Et d'une certaine manière, c'est aussi une autre réponse possible au dossier majeur du dernier CPC hardware.
Si quelque chose foire quelque part, c'est peut être qu'il y a trop de technos (mal maitrisée) entre des personnes qui devraient se parler pour parvenir à se comprendre.
la faute de la victime, et des personnes qui lui ont donné les outils inadaptés à son besoin, prouver son innocence, donc?

j'ai mon sIII à réparer, et il est 13:37

----------


## Jolaventur

C'est bien mais la FSFE c'est quoi pour les idiots à qui la vue d'un GMB dans un news donne des boutons.

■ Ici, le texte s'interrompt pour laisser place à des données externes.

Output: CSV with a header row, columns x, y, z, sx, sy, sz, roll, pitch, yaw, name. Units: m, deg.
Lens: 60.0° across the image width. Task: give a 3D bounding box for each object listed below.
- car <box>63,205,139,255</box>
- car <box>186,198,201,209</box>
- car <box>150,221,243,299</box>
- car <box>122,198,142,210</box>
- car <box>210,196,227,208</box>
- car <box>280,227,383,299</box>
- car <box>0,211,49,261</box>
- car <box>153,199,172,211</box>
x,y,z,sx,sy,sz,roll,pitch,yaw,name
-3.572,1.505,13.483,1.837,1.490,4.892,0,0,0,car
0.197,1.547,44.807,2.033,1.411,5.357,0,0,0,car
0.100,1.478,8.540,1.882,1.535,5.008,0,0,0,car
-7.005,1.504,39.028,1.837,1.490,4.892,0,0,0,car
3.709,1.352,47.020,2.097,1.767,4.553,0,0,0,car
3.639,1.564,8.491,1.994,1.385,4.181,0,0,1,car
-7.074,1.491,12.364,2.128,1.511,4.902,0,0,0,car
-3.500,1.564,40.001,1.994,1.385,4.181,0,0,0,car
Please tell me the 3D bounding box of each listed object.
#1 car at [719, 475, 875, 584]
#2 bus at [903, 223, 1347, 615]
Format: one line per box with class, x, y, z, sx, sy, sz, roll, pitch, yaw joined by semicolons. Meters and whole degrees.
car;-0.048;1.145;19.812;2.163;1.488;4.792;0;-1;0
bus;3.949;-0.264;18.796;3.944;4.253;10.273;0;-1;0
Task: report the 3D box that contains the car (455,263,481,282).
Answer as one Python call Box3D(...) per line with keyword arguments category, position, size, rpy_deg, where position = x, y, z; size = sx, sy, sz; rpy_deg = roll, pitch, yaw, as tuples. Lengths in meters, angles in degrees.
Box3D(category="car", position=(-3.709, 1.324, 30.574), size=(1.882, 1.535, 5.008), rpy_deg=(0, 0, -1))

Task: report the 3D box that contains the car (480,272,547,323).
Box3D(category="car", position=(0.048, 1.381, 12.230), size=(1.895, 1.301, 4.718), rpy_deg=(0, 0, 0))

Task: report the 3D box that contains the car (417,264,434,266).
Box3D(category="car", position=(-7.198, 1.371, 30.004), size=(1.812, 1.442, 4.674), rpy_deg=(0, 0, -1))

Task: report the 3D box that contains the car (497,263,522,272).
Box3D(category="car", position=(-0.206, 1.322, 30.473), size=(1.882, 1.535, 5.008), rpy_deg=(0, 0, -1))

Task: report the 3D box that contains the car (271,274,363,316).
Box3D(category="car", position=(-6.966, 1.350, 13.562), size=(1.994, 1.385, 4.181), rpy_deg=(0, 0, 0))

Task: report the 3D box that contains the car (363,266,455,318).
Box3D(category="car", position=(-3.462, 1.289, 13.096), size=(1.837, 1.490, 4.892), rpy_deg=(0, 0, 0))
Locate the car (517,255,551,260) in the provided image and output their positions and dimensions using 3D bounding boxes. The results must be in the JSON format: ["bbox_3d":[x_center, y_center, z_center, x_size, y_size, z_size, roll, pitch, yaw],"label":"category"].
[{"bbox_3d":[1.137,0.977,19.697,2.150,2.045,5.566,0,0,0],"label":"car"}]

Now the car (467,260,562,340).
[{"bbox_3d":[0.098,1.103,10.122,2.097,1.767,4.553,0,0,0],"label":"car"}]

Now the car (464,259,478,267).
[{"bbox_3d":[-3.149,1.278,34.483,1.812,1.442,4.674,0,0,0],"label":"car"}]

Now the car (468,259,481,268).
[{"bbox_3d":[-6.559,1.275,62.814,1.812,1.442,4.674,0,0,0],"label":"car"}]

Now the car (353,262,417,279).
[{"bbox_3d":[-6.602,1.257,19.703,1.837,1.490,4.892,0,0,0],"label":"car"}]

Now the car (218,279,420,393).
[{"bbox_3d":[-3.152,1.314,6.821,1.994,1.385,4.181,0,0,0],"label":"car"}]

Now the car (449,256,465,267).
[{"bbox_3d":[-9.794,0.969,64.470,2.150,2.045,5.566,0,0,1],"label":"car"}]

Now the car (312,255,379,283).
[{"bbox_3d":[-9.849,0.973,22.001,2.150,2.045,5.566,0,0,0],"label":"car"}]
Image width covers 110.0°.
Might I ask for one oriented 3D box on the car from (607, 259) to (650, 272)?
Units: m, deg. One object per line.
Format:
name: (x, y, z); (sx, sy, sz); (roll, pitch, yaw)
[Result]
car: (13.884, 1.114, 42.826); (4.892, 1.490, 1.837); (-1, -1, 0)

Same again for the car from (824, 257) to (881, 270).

Les heures les plus sombres de l'histoire de CPC, Rabot toussa...

----------


## kulte

Que de souvenirs !! ROM le chevalier de l'espace !
ROM dans mon apple II !!
pinaize c est la qu on voit qu on vieillis

----------


## nwalker

GMB, je pense qu'il faut qu'on se parle;p Il y a des idiots à qui la vue d'un GMB dans un(e) news donne des boutons.
je ne peux pas te pm sans faire des trucs hors la loi, mais tu as mon attestation sur l'honneur (un truc qui existe encore, l'honneur) que les gens qui gèrent le forum ont mon adresse mail et que tu peux l'utliser

----------